CMA, Gelang Pintar Pantau Kondisi Pasien Covid Karya Mahasiswa
Tiga mahasiswa Politeknik Elektronika Negeri Surabaya (PENS) berinovasi menciptakan gelang pintar. Ketiga mahasiswa itu adalah Iqbal Pradana, Heri Nur Alim dan Yohanes Dimas, mahasiswa semester empat jurusan D4 Teknik Elektronika.
Gelang pintar ini berfungsi memantau kondisi pasien covid-19. Mulai dari mengetahui pergerakan atau lokasi pasien, mendeteksi suhu tubuh, detak jantung, dan kadar oksigen dalam darah.
“Dengan gelang ini pasien bisa dimonitor di mana pun dan kapan pun” cerita Heri kepada Ngopibareng.id melalui sambungan telepon, pada Minggu 31 Mei 2020.
Ide untuk membuat gelang pintar terinspirasi dari salah satu produk teknologi buatan China yang dapat membaca detak jantung. Sementara itu, gelang pintar karya dia dan timnya dinamai Covid-19 Monitoring Assitance (CMA).
CMA dilengkapi dengan dua sensor khusus seperti LM35, dan Max30100. Kedua sensor diletakkan pada tempat yang berbeda. LM35 dipilih lantaran memiliki tingkat kesalahan pengukuran suhu kurang dari 0.5 derajat Celsius. Sensor ini diletakkan pada bagian pergelangan tangan. Di sisi lain, agar data akurat, sensor Max30100 diposisikan pada jempol pengguna.
“Kami memilih sensor dengan tingkat eror yang minim. Peletakan sensor sendiri berdasarkan pertimbangan keakurasian data” tambahnya.
Terdapat pula microcontroller ESP8266 dan GPS neo m8n. Sehingga, data yang terbaca saat gelang dipakai pengguna, dapat dipantau secara langsung melalui aplikasi yang sudah dirancang. Data ini pun mampu menampilkan 5-10 data realtime pendeteksian keempat elemen.
Pada aplikasi tersebut terlihat data detak jantung, suhu tubuh dan kadar oksigen dalam darah sekaligus statusnya. Selain itu terdapat pula notifikasi jika gelang sedang digunakan atau dilepas.
Untuk dayanya sendiri, diperoleh dari baterai berjenis Lithium Polimer (LiPo) 405 mah, dengan 3.7 volt. LiPo diplih lantaran ukurannya yang kecil, namun memiliki daya listrik yang besar.
Karena disuplai baterai LiPo, pengguna bisa mengisi ulang daya nya menggunakan port USB. Waktu yang disarankan selama satu jam. Terlebih, jika baterai penuh, terdapat indikator lampu LED berwarna merah.
Di samping itu, pengoperasian CMA tidak lah sulit.
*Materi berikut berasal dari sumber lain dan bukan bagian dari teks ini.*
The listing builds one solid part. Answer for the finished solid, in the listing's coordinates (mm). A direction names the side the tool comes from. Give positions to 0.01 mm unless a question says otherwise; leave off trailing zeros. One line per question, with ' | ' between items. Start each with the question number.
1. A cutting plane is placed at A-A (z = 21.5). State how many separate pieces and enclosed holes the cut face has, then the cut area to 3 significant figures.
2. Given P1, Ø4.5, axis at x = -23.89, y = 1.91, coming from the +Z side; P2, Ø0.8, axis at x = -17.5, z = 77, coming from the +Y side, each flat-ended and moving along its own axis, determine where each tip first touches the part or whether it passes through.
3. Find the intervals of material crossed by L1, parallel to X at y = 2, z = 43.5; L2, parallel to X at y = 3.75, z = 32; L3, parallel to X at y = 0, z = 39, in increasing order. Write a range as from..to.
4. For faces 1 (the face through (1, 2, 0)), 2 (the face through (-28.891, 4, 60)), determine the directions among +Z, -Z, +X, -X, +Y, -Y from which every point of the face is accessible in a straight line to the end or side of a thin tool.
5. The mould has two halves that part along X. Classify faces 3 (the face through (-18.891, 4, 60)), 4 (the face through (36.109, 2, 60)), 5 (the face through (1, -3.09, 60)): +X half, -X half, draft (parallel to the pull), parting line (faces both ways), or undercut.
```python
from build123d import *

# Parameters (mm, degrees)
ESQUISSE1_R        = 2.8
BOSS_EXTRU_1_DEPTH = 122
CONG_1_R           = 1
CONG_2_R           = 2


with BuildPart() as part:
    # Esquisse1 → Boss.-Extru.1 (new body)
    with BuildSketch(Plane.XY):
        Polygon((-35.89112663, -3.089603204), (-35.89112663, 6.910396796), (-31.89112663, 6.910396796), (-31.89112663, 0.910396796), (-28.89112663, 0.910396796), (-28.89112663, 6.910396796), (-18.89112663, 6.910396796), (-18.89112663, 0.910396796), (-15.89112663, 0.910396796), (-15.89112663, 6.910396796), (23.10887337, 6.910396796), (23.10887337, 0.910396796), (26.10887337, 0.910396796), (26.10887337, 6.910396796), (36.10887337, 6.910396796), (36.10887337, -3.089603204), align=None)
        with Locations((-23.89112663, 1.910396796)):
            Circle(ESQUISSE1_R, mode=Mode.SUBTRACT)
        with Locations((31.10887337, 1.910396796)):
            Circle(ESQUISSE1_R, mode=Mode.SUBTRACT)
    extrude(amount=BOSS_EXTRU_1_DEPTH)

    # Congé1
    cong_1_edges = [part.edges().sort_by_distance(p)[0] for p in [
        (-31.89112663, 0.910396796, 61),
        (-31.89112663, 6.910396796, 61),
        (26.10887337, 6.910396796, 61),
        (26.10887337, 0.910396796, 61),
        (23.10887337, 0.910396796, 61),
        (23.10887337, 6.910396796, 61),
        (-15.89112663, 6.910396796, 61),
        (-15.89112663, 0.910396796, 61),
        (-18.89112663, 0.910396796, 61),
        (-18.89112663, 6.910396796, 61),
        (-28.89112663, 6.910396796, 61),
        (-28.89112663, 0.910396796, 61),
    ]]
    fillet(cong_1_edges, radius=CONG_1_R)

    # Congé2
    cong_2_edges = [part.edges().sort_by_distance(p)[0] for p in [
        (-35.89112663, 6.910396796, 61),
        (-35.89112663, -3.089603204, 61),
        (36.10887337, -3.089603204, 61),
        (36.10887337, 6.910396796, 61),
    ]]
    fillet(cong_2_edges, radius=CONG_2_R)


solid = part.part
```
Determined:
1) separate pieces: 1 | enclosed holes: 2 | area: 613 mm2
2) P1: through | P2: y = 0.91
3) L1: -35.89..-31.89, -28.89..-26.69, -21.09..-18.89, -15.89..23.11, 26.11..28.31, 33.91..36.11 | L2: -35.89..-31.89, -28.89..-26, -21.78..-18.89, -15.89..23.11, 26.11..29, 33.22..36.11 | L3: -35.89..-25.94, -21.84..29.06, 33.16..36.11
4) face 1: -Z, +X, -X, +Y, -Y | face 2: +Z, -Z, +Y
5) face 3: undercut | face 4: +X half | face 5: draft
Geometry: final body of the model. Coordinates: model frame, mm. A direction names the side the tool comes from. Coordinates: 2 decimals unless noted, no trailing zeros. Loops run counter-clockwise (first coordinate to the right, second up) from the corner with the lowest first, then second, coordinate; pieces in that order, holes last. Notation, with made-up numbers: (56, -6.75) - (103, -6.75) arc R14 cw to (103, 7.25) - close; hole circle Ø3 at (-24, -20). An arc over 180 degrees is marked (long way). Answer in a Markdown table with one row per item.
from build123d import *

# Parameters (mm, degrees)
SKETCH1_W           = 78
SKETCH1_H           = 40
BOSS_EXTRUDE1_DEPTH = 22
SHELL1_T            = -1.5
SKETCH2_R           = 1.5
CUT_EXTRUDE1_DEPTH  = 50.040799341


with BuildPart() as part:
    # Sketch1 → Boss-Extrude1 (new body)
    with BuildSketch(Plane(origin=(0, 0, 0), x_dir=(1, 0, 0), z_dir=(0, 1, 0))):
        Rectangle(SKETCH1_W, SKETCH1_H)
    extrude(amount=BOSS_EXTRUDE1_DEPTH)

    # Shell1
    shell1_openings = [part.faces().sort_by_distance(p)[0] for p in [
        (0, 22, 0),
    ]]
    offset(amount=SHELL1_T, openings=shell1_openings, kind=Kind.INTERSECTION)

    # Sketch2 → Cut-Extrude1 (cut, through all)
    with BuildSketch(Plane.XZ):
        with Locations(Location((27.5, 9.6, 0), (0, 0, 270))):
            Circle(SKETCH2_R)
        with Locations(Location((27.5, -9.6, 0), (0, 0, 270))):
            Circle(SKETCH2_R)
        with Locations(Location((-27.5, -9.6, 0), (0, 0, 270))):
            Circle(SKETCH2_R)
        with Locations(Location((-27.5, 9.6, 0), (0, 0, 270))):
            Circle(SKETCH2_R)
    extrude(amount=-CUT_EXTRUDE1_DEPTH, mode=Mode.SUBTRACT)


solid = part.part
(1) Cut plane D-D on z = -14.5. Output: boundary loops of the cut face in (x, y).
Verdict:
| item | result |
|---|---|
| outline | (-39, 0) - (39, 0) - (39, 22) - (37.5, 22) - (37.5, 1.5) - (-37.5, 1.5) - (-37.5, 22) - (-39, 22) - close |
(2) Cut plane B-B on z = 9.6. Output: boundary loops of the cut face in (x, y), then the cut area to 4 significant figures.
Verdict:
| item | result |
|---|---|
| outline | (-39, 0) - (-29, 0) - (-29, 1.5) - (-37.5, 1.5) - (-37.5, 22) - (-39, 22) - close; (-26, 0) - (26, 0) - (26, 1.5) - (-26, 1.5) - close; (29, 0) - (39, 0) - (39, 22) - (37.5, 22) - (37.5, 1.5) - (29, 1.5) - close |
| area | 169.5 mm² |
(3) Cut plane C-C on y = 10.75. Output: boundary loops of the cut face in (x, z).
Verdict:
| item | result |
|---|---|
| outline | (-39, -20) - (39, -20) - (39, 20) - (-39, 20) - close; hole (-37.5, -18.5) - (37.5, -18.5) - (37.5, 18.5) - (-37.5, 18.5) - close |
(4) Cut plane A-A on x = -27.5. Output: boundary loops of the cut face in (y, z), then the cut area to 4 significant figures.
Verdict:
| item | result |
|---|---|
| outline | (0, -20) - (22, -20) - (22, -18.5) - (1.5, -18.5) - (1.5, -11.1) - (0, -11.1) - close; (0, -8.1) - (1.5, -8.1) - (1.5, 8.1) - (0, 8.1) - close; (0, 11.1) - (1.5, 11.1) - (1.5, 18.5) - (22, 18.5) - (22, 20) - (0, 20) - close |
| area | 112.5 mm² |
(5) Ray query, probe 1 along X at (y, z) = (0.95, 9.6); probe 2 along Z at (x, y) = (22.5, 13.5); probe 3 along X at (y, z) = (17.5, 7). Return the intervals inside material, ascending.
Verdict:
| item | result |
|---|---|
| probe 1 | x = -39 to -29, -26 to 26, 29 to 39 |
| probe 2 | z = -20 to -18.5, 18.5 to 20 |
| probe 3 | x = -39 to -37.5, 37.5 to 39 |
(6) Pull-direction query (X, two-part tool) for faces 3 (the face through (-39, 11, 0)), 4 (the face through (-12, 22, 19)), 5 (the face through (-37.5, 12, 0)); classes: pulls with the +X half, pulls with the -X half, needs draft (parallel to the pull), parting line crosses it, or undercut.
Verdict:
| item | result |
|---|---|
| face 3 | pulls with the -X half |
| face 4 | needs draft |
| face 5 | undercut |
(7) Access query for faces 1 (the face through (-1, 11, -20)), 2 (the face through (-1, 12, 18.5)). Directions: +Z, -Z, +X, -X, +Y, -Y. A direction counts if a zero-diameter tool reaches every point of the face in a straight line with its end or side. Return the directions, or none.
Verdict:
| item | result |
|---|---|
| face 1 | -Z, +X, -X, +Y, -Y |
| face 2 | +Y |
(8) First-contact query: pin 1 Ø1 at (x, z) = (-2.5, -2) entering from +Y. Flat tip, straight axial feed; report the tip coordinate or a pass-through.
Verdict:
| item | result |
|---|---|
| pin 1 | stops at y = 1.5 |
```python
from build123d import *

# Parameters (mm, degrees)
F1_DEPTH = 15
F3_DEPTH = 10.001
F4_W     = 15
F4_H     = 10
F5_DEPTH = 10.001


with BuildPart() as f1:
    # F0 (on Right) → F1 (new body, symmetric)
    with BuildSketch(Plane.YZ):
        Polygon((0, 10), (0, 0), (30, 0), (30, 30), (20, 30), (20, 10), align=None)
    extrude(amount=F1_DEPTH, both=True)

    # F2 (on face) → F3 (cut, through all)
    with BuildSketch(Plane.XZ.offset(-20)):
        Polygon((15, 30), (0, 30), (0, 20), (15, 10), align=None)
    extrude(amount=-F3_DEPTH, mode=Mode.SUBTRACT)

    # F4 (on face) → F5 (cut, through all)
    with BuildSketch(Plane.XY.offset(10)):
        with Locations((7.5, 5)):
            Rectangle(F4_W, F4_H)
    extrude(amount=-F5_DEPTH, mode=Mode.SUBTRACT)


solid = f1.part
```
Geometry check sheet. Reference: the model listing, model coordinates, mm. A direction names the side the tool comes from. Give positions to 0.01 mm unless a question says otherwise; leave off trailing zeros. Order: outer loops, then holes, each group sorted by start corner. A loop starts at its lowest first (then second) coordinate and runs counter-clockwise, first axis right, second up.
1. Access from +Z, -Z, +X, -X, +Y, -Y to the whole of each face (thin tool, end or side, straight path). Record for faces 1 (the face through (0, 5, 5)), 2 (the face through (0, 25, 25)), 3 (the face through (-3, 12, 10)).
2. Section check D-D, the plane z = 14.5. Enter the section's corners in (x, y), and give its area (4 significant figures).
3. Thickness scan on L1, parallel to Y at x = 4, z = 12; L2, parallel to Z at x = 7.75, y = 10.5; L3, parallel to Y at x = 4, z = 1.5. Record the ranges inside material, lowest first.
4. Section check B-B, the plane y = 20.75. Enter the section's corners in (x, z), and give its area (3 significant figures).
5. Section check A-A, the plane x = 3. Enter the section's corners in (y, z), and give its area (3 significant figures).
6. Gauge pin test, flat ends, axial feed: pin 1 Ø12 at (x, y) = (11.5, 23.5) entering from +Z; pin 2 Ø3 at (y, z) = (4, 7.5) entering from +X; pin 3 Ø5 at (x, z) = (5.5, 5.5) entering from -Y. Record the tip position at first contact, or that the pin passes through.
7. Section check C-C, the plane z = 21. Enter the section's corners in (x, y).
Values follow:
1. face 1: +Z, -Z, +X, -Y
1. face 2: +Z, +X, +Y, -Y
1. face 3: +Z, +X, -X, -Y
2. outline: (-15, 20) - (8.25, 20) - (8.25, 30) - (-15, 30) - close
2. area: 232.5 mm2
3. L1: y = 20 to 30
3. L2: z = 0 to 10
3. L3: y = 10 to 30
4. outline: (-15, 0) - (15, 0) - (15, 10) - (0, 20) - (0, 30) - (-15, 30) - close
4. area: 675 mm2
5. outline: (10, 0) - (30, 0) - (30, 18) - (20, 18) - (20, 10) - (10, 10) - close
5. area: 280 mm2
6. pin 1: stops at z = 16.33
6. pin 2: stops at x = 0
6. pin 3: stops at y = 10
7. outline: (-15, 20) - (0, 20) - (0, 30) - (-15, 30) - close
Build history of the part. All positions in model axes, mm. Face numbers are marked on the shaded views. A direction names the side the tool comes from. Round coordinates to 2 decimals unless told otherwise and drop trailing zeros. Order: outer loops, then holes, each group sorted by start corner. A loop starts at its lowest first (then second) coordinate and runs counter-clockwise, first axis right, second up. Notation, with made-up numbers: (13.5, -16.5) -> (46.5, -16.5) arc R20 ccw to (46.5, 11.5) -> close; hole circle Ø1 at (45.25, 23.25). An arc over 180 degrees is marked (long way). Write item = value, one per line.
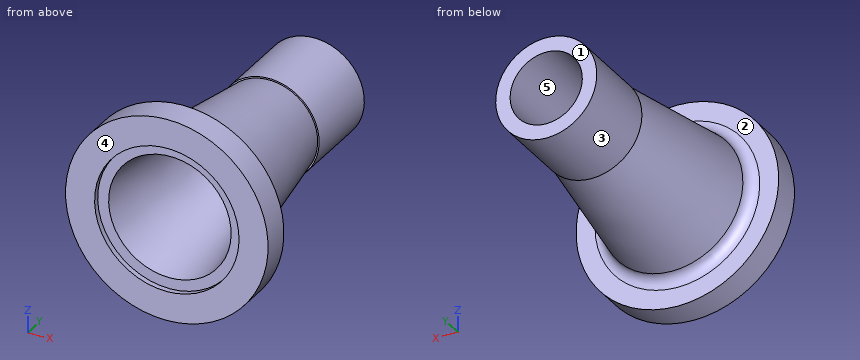
from build123d import *

# Parameters (mm, degrees)
FILLET1_R = 8


with BuildPart() as part:
    # Sketch3 → Revolve1 (revolve)
    with BuildSketch(Plane.XY, mode=Mode.PRIVATE) as revolve1_sk:
        Polygon((25, 185.89945678), (35, 185.89945678), (35, 128.787624663), (33.963762469, 128.787624663), (50.124510314, 20), (70.124510314, 20), (70.124510314, 0), (50, 0), (50, 3.89945678), (42.40655913, 3.89945678), (25, 121.073379639), align=None)
    revolve(revolve1_sk.sketch.rotate(Axis((0, 0, 0), (0, 1, 0)), 90), axis=Axis((0, 0, 0), (0, 1, 0)))

    # Fillet1
    fillet1_edges = [part.edges().sort_by_distance(p)[0] for p in [
        (0, 20, 50.124510314),
    ]]
    fillet(fillet1_edges, radius=FILLET1_R)


solid = part.part
Q1. Cut at B-B, the plane z = 0. List the corners of the cut face in (x, y), and give its area (3 significant figures).
Check values:
outline = (-70.12, 0) -> (-50, 0) -> (-50, 3.9) -> (-42.41, 3.9) -> (-25, 121.07) -> (-25, 185.9) -> (-35, 185.9) -> (-35, 128.79) -> (-33.96, 128.79) -> (-49.11, 26.82) arc R8 cw to (-57.02, 20) -> (-70.12, 20) -> close; (25, 121.07) -> (42.41, 3.9) -> (50, 3.9) -> (50, 0) -> (70.12, 0) -> (70.12, 20) -> (57.02, 20) arc R8 cw to (49.11, 26.82) -> (33.96, 128.79) -> (35, 128.79) -> (35, 185.9) -> (25, 185.9) -> close
area = 4,440 mm²
Q2. Probe probe 1 along X at (y, z) = (2.6, 0); probe 2 along Y at (x, z) = (21, 62.5); probe 3 along X at (y, z) = (25.5, 9.5). List the from-to ranges inside material, lowest first.
Check values:
probe_1 = -70.12 to -50, 50 to 70.12
probe_2 = 0 to 20
probe_3 = -48.5 to -38.03, 38.03 to 48.5
Q3. Cut at A-A, the plane x = 0. List the corners of the cut face in (y, z).
Check values:
outline = (0, -70.12) -> (20, -70.12) -> (20, -57.02) arc R8 cw to (26.82, -49.11) -> (128.79, -33.96) -> (128.79, -35) -> (185.9, -35) -> (185.9, -25) -> (121.07, -25) -> (3.9, -42.41) -> (3.9, -50) -> (0, -50) -> close; (0, 50) -> (3.9, 50) -> (3.9, 42.41) -> (121.07, 25) -> (185.9, 25) -> (185.9, 35) -> (128.79, 35) -> (128.79, 33.96) -> (26.82, 49.11) arc R8 cw to (20, 57.02) -> (20, 70.12) -> (0, 70.12) -> close
Q4. Which spindle directions (+Z, -Z, +X, -X, +Y, -Y) get a long thin tool onto all of the face, cutting with end or side? Do the marked faces 1 and 2. Say none if no direction does.
Check values:
face_1 = +Z, -Z, +X, -X, +Y
face_2 = +Y
Q5. Cut at C-C, the plane y = 133.5. List the corners of the cut face in (x, z), and give its area (3 significant figures).
Check values:
outline = circle Ø70 at (0, 0); hole circle Ø50 at (0, 0)
area = 1,880 mm²
Q6. Mould opens along Z. For the marked faces 3, 4 and 5 say: released by +Z, released by -Z, zero draft, split by the parting line, or undercut.
Check values:
face_3 = split by the parting line
face_4 = zero draft
face_5 = undercut
Q7. Flat gauge pins, fed straight in: pin 1 (12 mm diameter, centred on x = -39.5, z = -6.5, fed in from -Y); pin 2 (12 mm diameter, centred on x = 22.5, y = 144.5, fed in from -Z); pin 3 (10 mm diameter, centred on x = -31, y = 28.5, fed in from +Z); pin 4 (5 mm diameter, centred on x = 45.5, z = 51, fed in from -Y). Where does each tip first touch, or does it go through?
Check values:
pin_1 = 3.9
pin_2 = -30.87
pin_3 = 41.49
pin_4 = 0
Q8. Cut at D-D, the plane y = 61. List the corners of the cut face in (x, z), and give its area (3 significant figures).
Check values:
outline = circle Ø88.07 at (0, 0); hole circle Ø67.85 at (0, 0)
area = 2,480 mm²

Pengguna hanya perlu menekan tombol on yang tersedia, seketika itu semua komponen yang ada langsung berfungsi.
Dirakit Dua Minggu
Untuk membuat perangkat ini Heri dan tim mengerjakannya secara paralel di tempat yang terpisah selama dua minggu. Heri berkomunikasi dengan kedua rekannya melalui Whatsapp dan membagi tugas menjadi tiga.
Iqbal bertugas mengatur penempatan elektriknya agar terlihat rapi. Sementara itu, Heri membeli komponen yang dibutuhkan lalu merangkai bahan tersebut menjadi satu sistem utuh yang berfungsi. Selain itu mengunggah data yang terbaca oleh komponen ke database. Tahap terakhir, Dimas bertanggung jawab merancang aplikasi. Ketika semua komponen selesai, alat lalu dikalibrasi.
Meski terkendala jarak dalam berinteraksi untuk merakit CMA, beruntung semua komponen yang dibutuhkan mudah dijangkau dan tersedia di pasaran.
“Kami membuatnya secara paralel namun terpisah, setelah selesai baru digabung jadi satu. Kesusahan kami ya dalam berkoordinasi dan kalibrasi alat” tambahnya.
Sayangnya CMA ini belum bisa diproduksi secara masal. Masih ada beberapa perbaikan yang perlu dilakukan. Antara lain mengembangkan daya pemakaian baterai, dan berkoordinasi dengan tenaga medis agar alat bisa dimanfaatkan sesuai kebutuhan mereka. Selain itu membuat web browser agar memperluas jangkaun pemantauan kondisi pasien. Sehingga tidak terbatas pada aplikasi saja.
“Kami kedepannya ingin mengembangkan pada baterai agar lebih tahan lama. Selain itu berkoordinasi dengan medis agar sesuai dengan kebutuhan mereka, serta membuat web browser” tutupnya.